Entrepreneurship has gained greater significance at global level under changing economic scenario. Global economy in general and Indian economy in particular is poised for accelerated growth driven by entrepreneurship. Admits environment of super mall culture we find plenty of scope for entrepreneurship in trading and manufacturing.

An entrepreneur is a person who is able to look at the environment, identify opportunities to improve the environmental resources and implement action to maximize those opportunities (Robert E. Nelson) it is important to bear in mind the entrepreneurial skills that will be needed to improve the quality of life for individuals, families and communities and to sustain a healthy economy and environment. Taking this into consideration, we will find that each of the traditional definitions has its own weakness (Tyson, Petrin, Rogers, 1994, p. 4).

The first definition leaves little room for innovations that are not on the technological or organizational cutting edge, such as, adaptation of older technologies to a developing-country context, or entering into export markets already tapped by other firms.
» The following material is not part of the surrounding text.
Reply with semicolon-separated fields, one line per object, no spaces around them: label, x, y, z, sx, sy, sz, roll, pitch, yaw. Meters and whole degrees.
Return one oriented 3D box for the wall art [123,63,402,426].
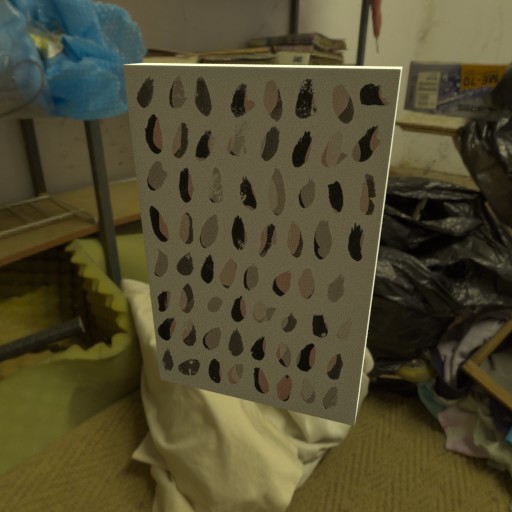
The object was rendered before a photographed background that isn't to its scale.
wall art;0.000;0.000;0.482;0.252;0.381;0.039;8;27;16

Defining entrepreneurship as risk-taking neglects other major elements of what we usually think of as entrepreneurship, such as a well-developed ability to recognize unexploited market opportunities.

Entrepreneurship as a stabilizing force limits entrepreneurship to reading markets disequilibria, while entrepreneurship defined as owning and operating a business, denies the possibility of entrepreneurial behavior by non-owners, employees and managers who have no equity stake in the business. Therefore, the most appropriate definition of entrepreneurship that would fit into the rural development context, argued here, is the broader one, the one which defines entrepreneurship as: "a force that mobilizes other resources to meet unmet market demand", "the ability to create and build something from practically nothing", "the process of creating value by pulling together a unique package of resources to exploit an opportunity".

It combines definitions of entrepreneurship by Jones and Sakong, 1980; Timmons, 1989; Stevenson, et al., 1985. Entrepreneurship so defined, pertains to any new organization of productive factors and not exclusively to innovations that are on the technological or organizational cutting edge, it pertains to entrepreneurial activities both within and outside the organization. Entrepreneurship need not involve anything new from a global or even national perspective, but rather the adoption of new forms of business organizations, new technologies and new enterprises producing goods not previously available at a location (Petrin, 1991).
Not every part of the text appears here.